Schanen Brian C, Karakoti Ajay S, Seal Sudipta, Drake Donald R, Warren William L, Self William T
VaxDesign Corporation, 12612 Challenger Parkway, Suite 365, Orlando, Florida 32826, USA.
ACS Nano. 2009 Sep 22;3(9):2523-32. doi: 10.1021/nn900403h.
Nanoparticle technology is undergoing significant expansion largely because of the potential of nanoparticles as biomaterials, drug delivery vehicles, cancer therapeutics, and immunopotentiators. Incorporation of nanoparticle technologies for in vivo applications increases the urgency to characterize nanomaterial immunogenicity. This study explores titanium dioxide, one of the most widely manufactured nanomaterials, synthesized into its three most common nanoarchitectures: anatase (7-10 nm), rutile (15-20 nm), and nanotube (10-15 nm diameters, 70-150 nm length). The fully human autologous MIMIC immunological construct has been utilized as a predictive, nonanimal alternative to diagnose nanoparticle immunogenicity. Cumulatively, treatment with titanium dioxide nanoparticles in the MIMIC system led to elevated levels of proinflammatory cytokines and increased maturation and expression of costimulatory molecules on dendritic cells. Additionally, these treatments effectively primed activation and proliferation of naive CD4(+) T cells in comparison to dendritic cells treated with micrometer-sized (>1 microm) titanium dioxide, characteristic of an in vivo inflammatory response.

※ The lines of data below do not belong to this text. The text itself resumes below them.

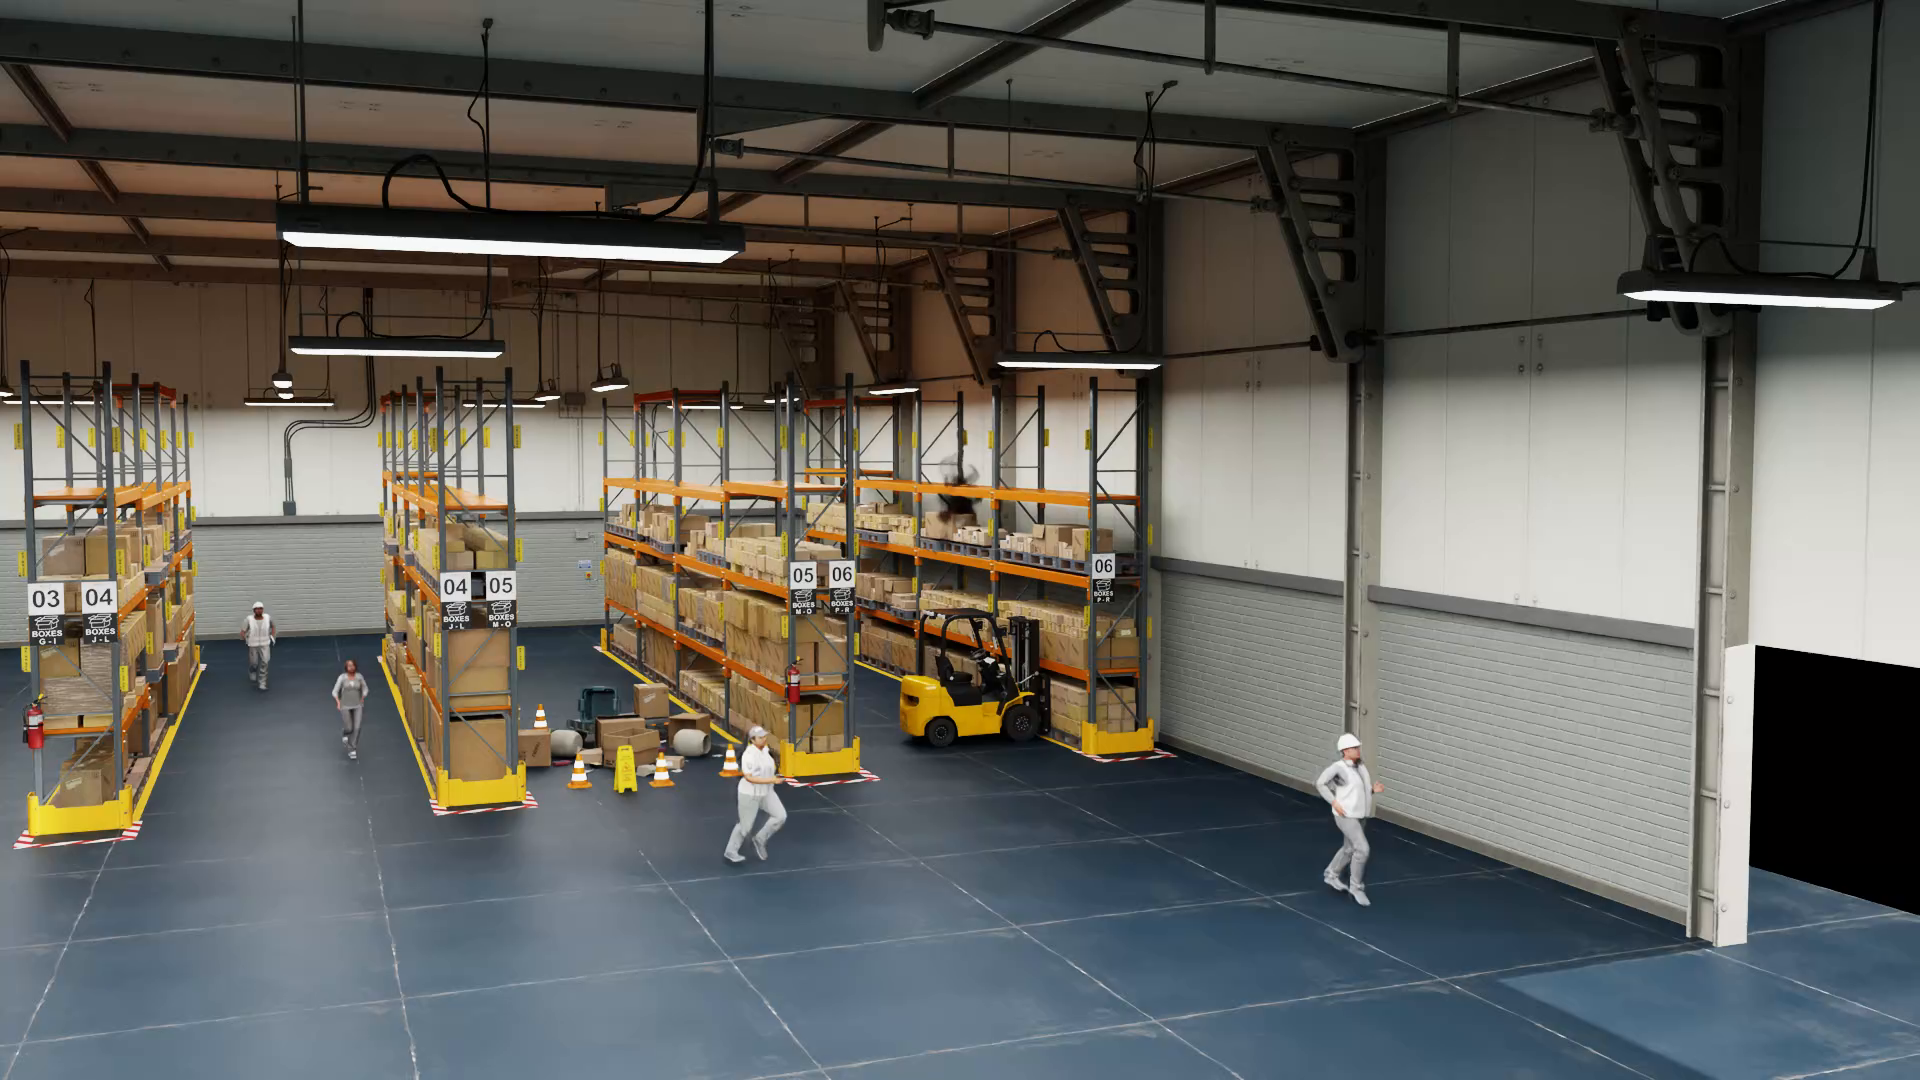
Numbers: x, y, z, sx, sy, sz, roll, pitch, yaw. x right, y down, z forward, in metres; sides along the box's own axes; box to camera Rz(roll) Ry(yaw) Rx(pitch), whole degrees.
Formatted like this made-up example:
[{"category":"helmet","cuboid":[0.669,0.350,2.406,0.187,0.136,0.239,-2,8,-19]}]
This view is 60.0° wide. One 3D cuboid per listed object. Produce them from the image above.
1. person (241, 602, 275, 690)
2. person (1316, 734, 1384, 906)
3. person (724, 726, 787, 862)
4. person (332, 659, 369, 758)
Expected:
[{"category":"person","cuboid":[-14.127,2.112,33.492,0.671,1.753,0.857,-2,4,-32]},{"category":"person","cuboid":[4.261,3.029,18.103,0.731,1.831,0.639,3,5,44]},{"category":"person","cuboid":[-2.381,2.986,19.613,0.809,1.618,0.617,2,4,31]},{"category":"person","cuboid":[-9.615,2.653,26.266,0.538,1.557,0.549,-2,4,-29]}]
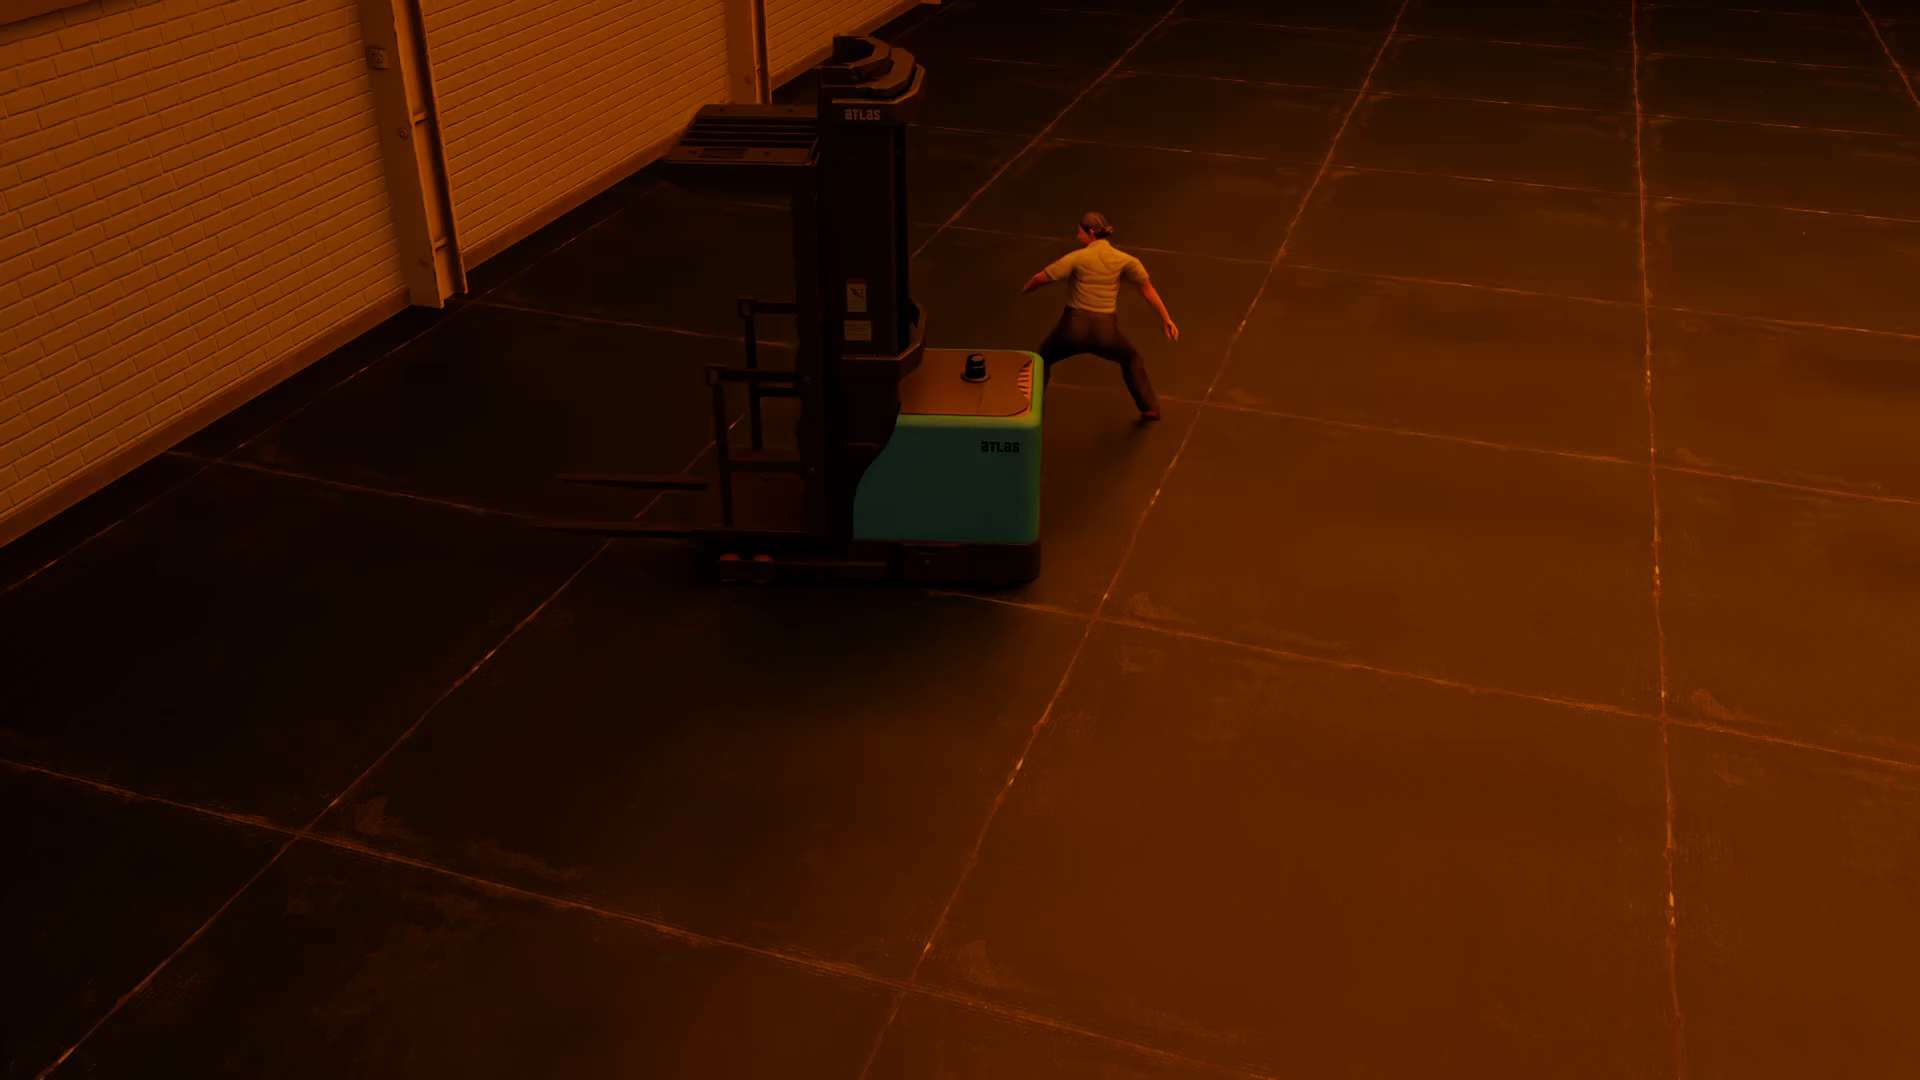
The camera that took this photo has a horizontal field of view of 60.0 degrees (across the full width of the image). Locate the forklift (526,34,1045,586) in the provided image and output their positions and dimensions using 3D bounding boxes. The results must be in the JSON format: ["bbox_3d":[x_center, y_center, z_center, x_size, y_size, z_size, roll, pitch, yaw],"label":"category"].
[{"bbox_3d":[-1.026,-1.280,9.381,3.031,2.935,1.130,2,30,3],"label":"forklift"}]

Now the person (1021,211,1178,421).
[{"bbox_3d":[0.925,-1.382,11.145,1.028,1.610,0.528,0,30,0],"label":"person"}]
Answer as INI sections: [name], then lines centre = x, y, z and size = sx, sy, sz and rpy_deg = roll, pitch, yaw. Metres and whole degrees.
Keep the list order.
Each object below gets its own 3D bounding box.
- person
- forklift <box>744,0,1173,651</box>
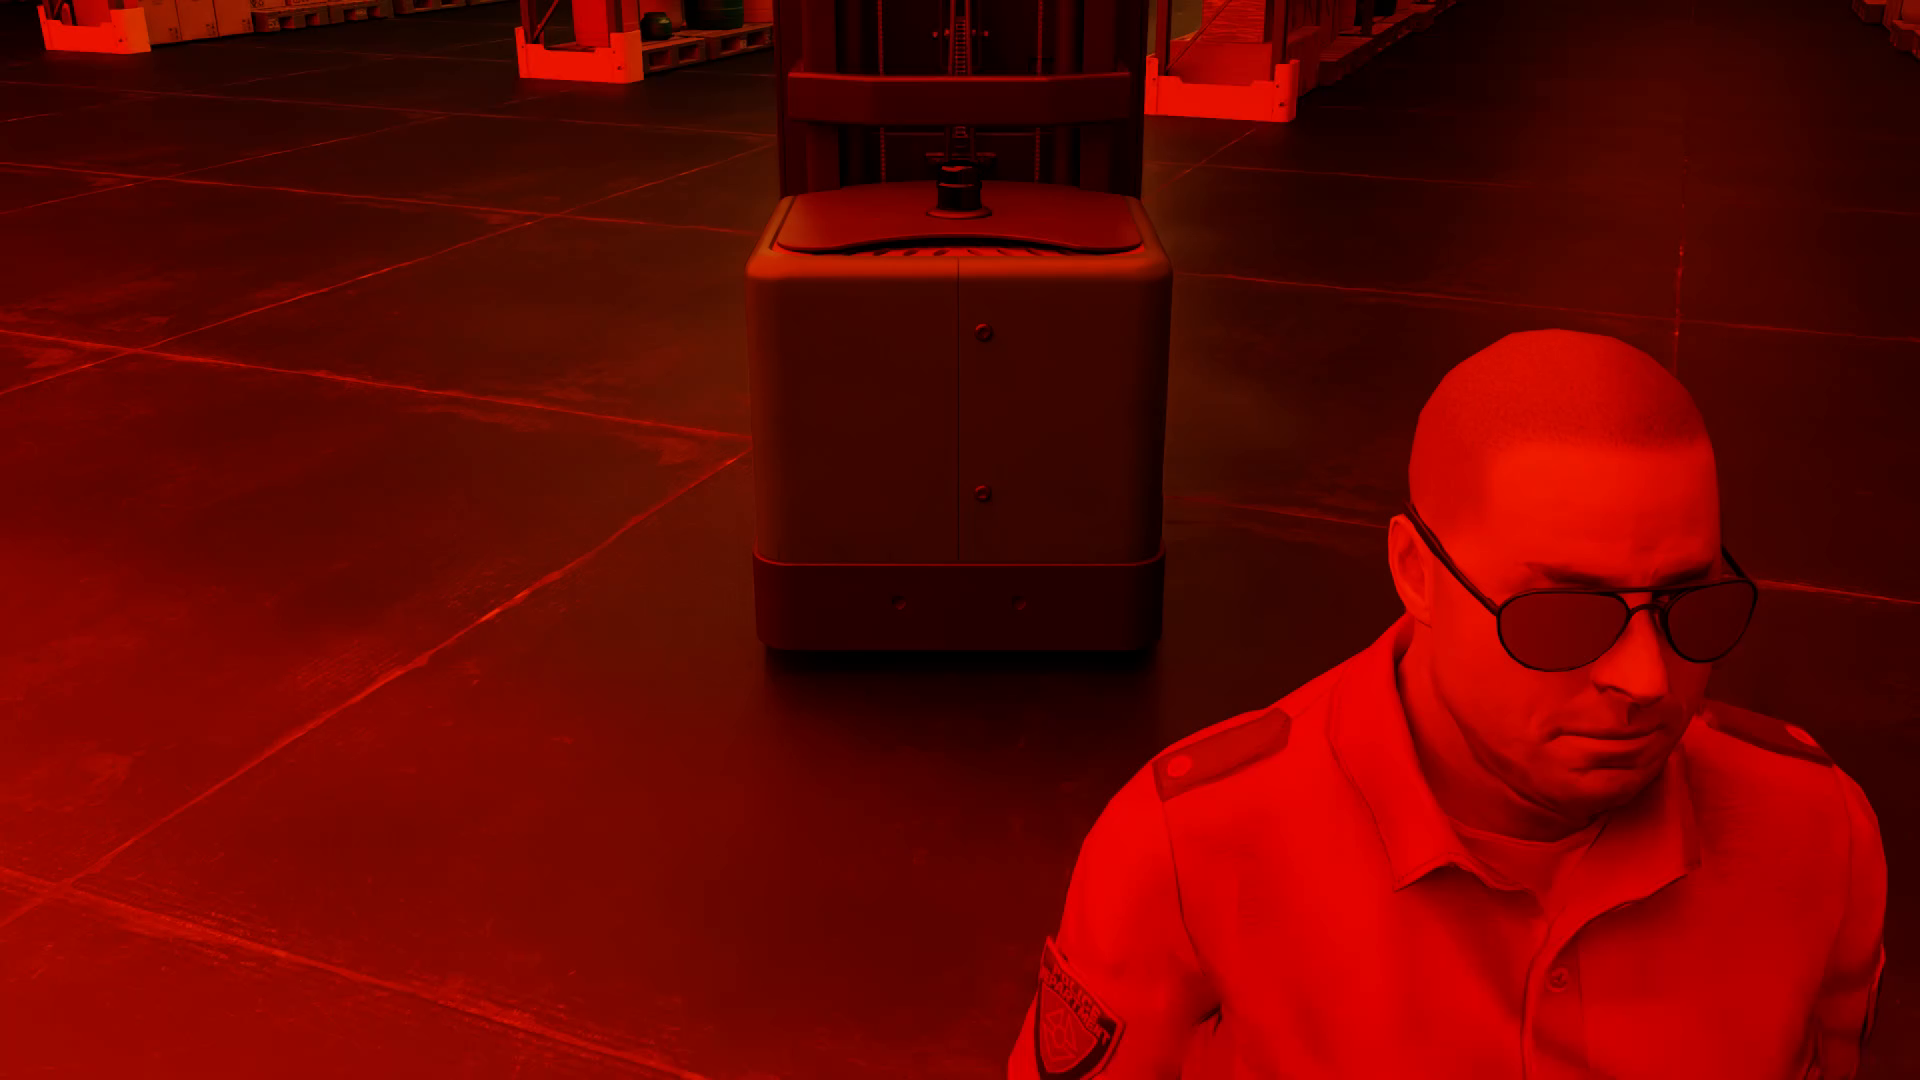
[person]
centre = 0.357, 0.727, 1.149
size = 0.677, 1.745, 0.469
rpy_deg = -2, 23, -5
[forklift]
centre = 0.002, -1.587, 5.089
size = 1.130, 2.935, 3.031
rpy_deg = 0, 23, 0

纳米颗粒技术正在经历显著的发展,这主要是因为纳米颗粒作为生物材料、药物递送载体、癌症治疗剂和免疫增强剂的潜力。将纳米颗粒技术应用于体内增加了表征纳米材料免疫原性的紧迫性。本研究探索了二氧化钛,这是制造最为广泛的纳米材料之一,将其合成三种最常见的纳米结构:锐钛矿型(7 - 10纳米)、金红石型(15 - 20纳米)和纳米管(直径10 - 15纳米,长度70 - 150纳米)。完全人源自体的MIMIC免疫构建体已被用作一种预测性的、非动物替代方法来诊断纳米颗粒的免疫原性。总体而言,在MIMIC系统中用二氧化钛纳米颗粒处理导致促炎细胞因子水平升高,树突状细胞上共刺激分子的成熟和表达增加。此外,与用微米级(>1微米)二氧化钛处理的树突状细胞相比,这些处理有效地启动了初始CD4(+) T细胞的活化和增殖,这是体内炎症反应的特征。